A WEIGHTY CLUB

 

Adam S. Eterovich

 

In the first part of 1870 in White Pine County, a silver mining boom area, a baseball club was formed and claimed to be the heaviest in Nevada, California, the Pacific Coast, and the whole world.

The twenty-one members of this Fat Man’s Baseball Club of White Pine had an aggregate weight of 4856 pounds, each man contributing from 220 to 260 pounds to the total.

The local newspaper noted on one occasion: (1)

We now have the heaviest baseball club on the Pacific Coast, and perhaps the world.  The Fat Men’s Baseball Club of White Pine consists of twenty-one members whose united weight foots up to 4856 pounds.
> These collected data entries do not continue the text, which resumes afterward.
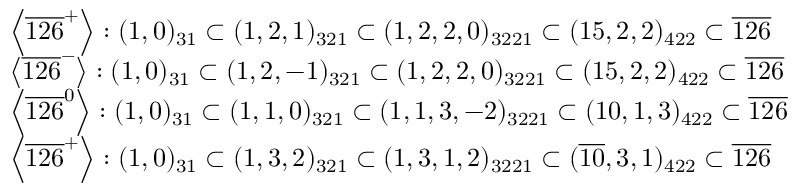<formula> <loc_0><loc_0><loc_500><loc_500>\begin{array} { l } { { \left < \overline { 1 2 6 } ^ { + } \right > \colon ( 1 , 0 ) _ { 3 1 } \subset ( 1 , 2 , 1 ) _ { 3 2 1 } \subset ( 1 , 2 , 2 , 0 ) _ { 3 2 2 1 } \subset ( 1 5 , 2 , 2 ) _ { 4 2 2 } \subset \overline { 1 2 6 } } } \\ { { \left < \overline { 1 2 6 } ^ { - } \right > \colon ( 1 , 0 ) _ { 3 1 } \subset ( 1 , 2 , - 1 ) _ { 3 2 1 } \subset ( 1 , 2 , 2 , 0 ) _ { 3 2 2 1 } \subset ( 1 5 , 2 , 2 ) _ { 4 2 2 } \subset \overline { 1 2 6 } } } \\ { { \left < \overline { 1 2 6 } ^ { 0 } \right > \colon ( 1 , 0 ) _ { 3 1 } \subset ( 1 , 1 , 0 ) _ { 3 2 1 } \subset ( 1 , 1 , 3 , - 2 ) _ { 3 2 2 1 } \subset ( 1 0 , 1 , 3 ) _ { 4 2 2 } \subset \overline { 1 2 6 } } } \\ { { \left < \overline { 1 2 6 } ^ { + } \right > \colon ( 1 , 0 ) _ { 3 1 } \subset ( 1 , 3 , 2 ) _ { 3 2 1 } \subset ( 1 , 3 , 1 , 2 ) _ { 3 2 2 1 } \subset ( \overline { 1 0 } , 3 , 1 ) _ { 4 2 2 } \subset \overline { 1 2 6 } } } \end{array}</formula> 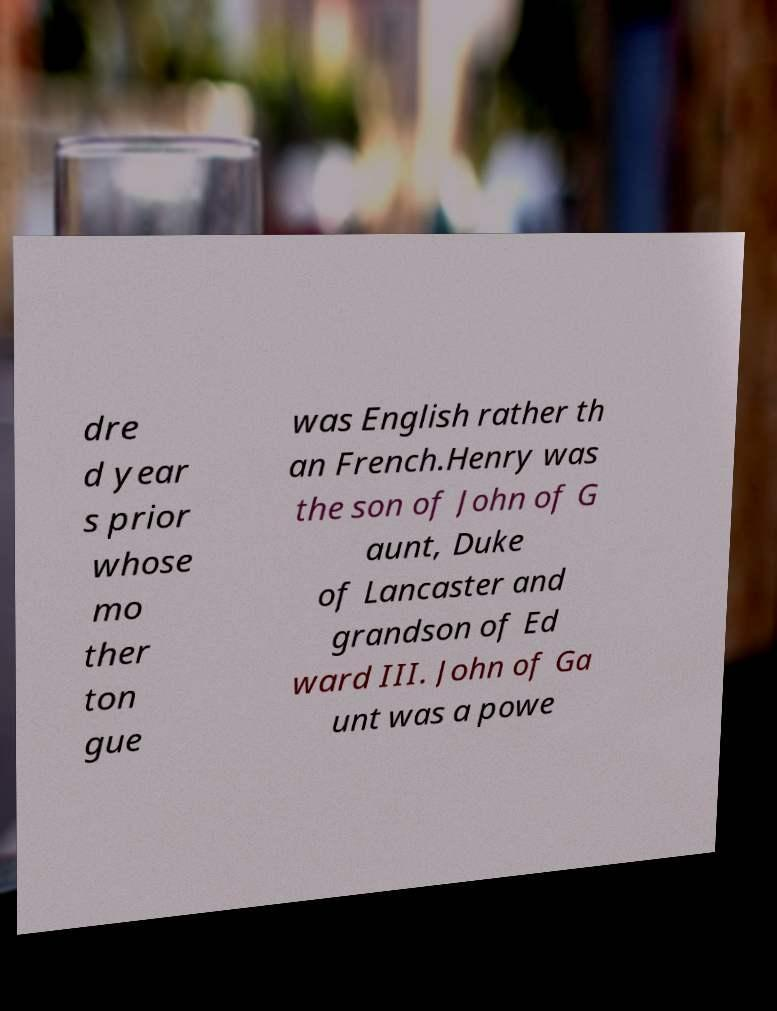I need the written content from this picture converted into text. Can you do that? dre d year s prior whose mo ther ton gue was English rather th an French.Henry was the son of John of G aunt, Duke of Lancaster and grandson of Ed ward III. John of Ga unt was a powe 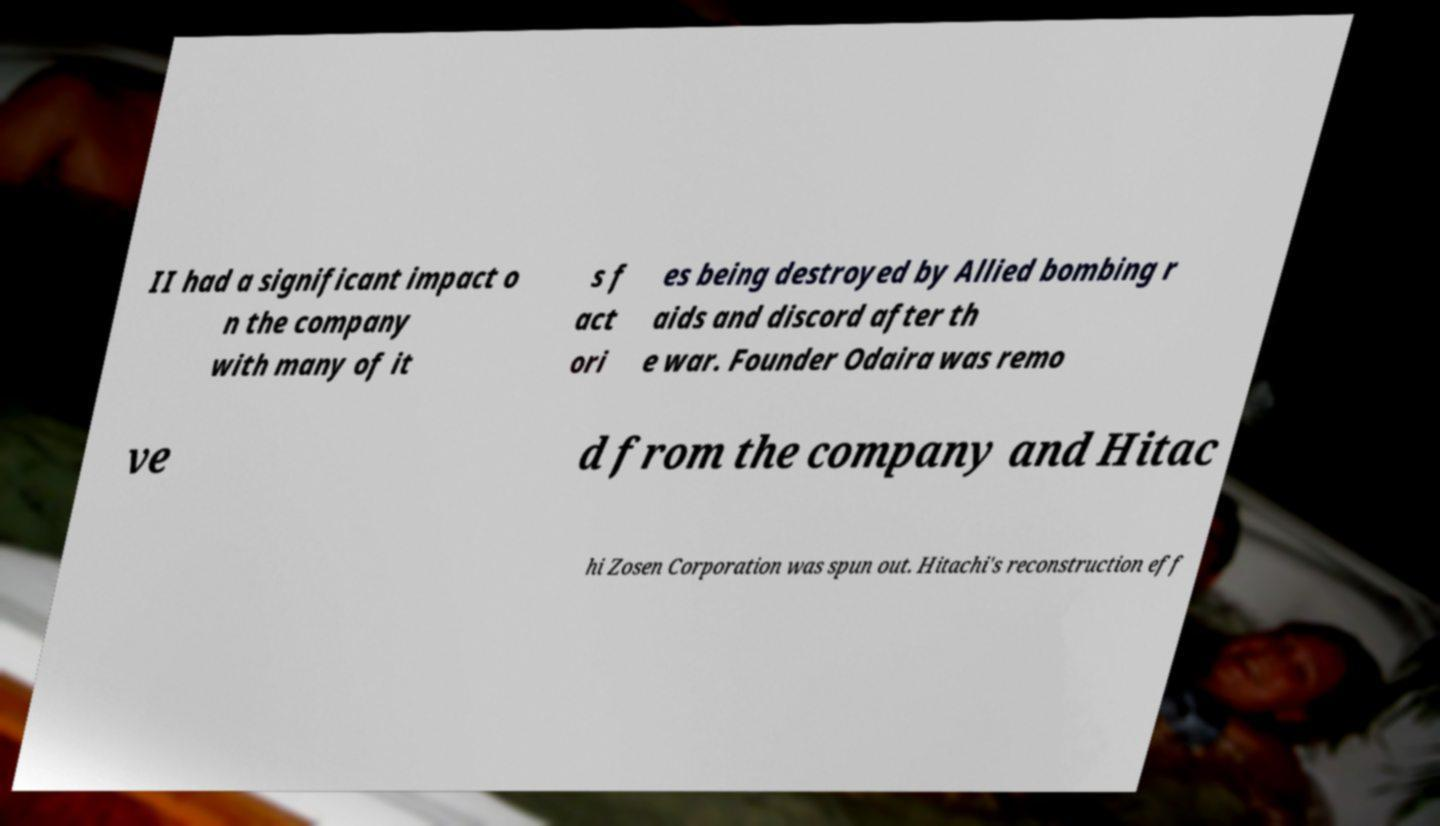What messages or text are displayed in this image? I need them in a readable, typed format. II had a significant impact o n the company with many of it s f act ori es being destroyed by Allied bombing r aids and discord after th e war. Founder Odaira was remo ve d from the company and Hitac hi Zosen Corporation was spun out. Hitachi's reconstruction eff

Marco Medin, weighing in at 240 pounds, was one of the members.  Marco was a prominent citizen of Virginia City with extensive interests throughout Nevada.  He opened a saloon at Hamilton at the start of the boom.

By summer of 1870 the boys in the area formed another club.  The Pogonips challenged New Club to a match, and the resulting score-- Pogonips, 58 and New Blub, 47-- showed that the teams were not too enevently matched. (2)

 

ADVERTISEMENT BILLIARD SALOON AND BAR

 

1.  White Pines News, May 14, 1870, p. 3, Col. 2.

2.  Turrentine W. Jackson, Treasure Hill (University of Arizona Press, 1963).